Source records
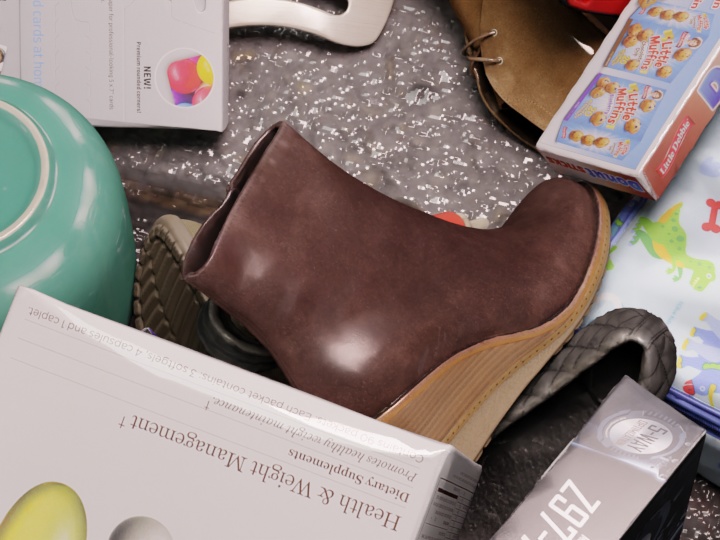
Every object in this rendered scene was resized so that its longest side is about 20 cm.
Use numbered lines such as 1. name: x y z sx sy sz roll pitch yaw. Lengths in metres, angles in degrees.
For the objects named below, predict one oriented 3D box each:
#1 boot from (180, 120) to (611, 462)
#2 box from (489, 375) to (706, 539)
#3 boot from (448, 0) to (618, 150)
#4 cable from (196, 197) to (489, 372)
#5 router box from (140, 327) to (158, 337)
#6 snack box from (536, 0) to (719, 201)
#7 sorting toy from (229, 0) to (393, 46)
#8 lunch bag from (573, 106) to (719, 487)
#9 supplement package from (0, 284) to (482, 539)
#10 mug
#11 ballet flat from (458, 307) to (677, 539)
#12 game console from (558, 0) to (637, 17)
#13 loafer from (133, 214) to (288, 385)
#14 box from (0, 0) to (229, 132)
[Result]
1. boot: 0.023 -0.014 1.214 0.166 0.072 0.200 45 55 -18
2. box: 0.078 0.155 1.145 0.043 0.200 0.160 35 67 18
3. boot: 0.074 -0.128 1.361 0.200 0.074 0.076 39 80 5
4. cable: 0.000 0.000 1.265 0.199 0.050 0.097 0 56 -46
5. router box: -0.136 0.147 1.215 0.200 0.052 0.158 -33 65 -1
6. snack box: 0.166 -0.127 1.280 0.072 0.024 0.200 20 71 47
7. sorting toy: -0.050 -0.207 1.416 0.199 0.107 0.181 0 81 1
8. lunch bag: 0.204 0.004 1.293 0.160 0.083 0.200 32 68 14
9. supplement package: -0.076 0.138 1.086 0.190 0.147 0.201 19 86 10
10. mug: -0.182 -0.007 1.285 0.151 0.115 0.185 -22 63 -11
11. ballet flat: 0.071 0.096 1.223 0.066 0.057 0.200 39 100 14
12. game console: 0.094 -0.201 1.371 0.177 0.031 0.200 -6 50 -52
13. loafer: -0.045 0.054 1.277 0.068 0.076 0.200 -10 56 -38
14. box: -0.167 -0.153 1.356 0.199 0.041 0.157 1 101 3
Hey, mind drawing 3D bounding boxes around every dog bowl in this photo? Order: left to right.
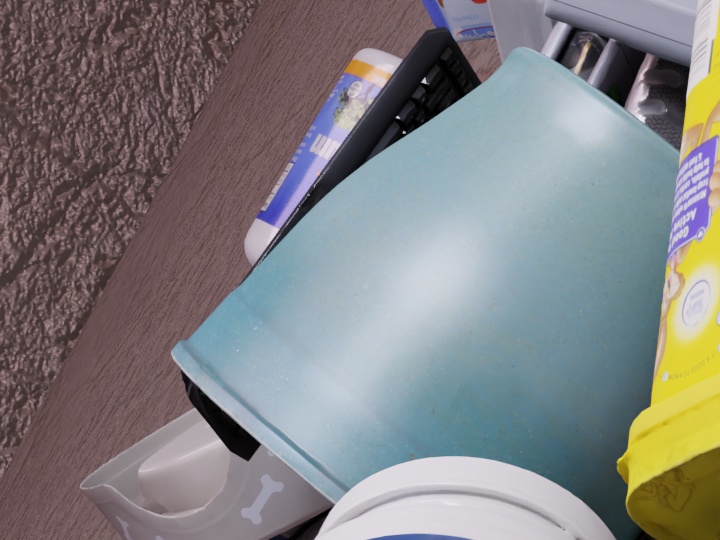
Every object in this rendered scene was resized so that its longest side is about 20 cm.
[{"bbox_3d":[-0.037,0.084,1.455,0.199,0.059,0.200,-27,3,2],"label":"dog bowl"}]

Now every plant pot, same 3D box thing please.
[{"bbox_3d":[0.059,0.022,1.192,0.188,0.200,0.200,-52,10,1],"label":"plant pot"}]

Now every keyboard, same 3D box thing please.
[{"bbox_3d":[0.000,0.000,1.319,0.200,0.021,0.127,-54,-32,-14],"label":"keyboard"}]

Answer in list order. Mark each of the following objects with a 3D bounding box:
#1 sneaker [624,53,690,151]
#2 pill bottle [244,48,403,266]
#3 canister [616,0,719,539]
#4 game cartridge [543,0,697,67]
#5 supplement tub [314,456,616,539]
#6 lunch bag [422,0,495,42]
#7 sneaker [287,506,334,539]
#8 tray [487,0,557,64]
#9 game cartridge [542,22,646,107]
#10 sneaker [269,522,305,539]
[{"bbox_3d":[0.132,-0.043,1.337,0.201,0.075,0.082,-62,12,-17],"label":"sneaker"},{"bbox_3d":[-0.004,-0.030,1.882,0.200,0.112,0.112,-59,10,-4],"label":"pill bottle"},{"bbox_3d":[0.158,-0.021,0.940,0.148,0.086,0.201,-32,42,52],"label":"canister"},{"bbox_3d":[0.163,-0.146,1.327,0.200,0.133,0.041,-65,-11,-54],"label":"game cartridge"},{"bbox_3d":[0.023,0.171,1.014,0.145,0.144,0.200,-52,12,34],"label":"supplement tub"},{"bbox_3d":[0.089,-0.242,1.632,0.170,0.200,0.124,-8,33,42],"label":"lunch bag"},{"bbox_3d":[-0.023,0.170,1.407,0.200,0.075,0.115,-51,4,-38],"label":"sneaker"},{"bbox_3d":[0.112,-0.102,1.452,0.107,0.022,0.200,-50,-35,-27],"label":"tray"},{"bbox_3d":[0.093,-0.032,1.383,0.201,0.040,0.133,-62,-21,-12],"label":"game cartridge"},{"bbox_3d":[-0.074,0.216,1.542,0.200,0.077,0.111,-59,1,45],"label":"sneaker"}]

[TASK] Where does the string "bounding" appear in the records? Copy every line that holds it.

[REPLY TO THE TASK]
Hey, mind drawing 3D bounding boxes around every dog bowl in this photo? Order: left to right.
Answer in list order. Mark each of the following objects with a 3D bounding box:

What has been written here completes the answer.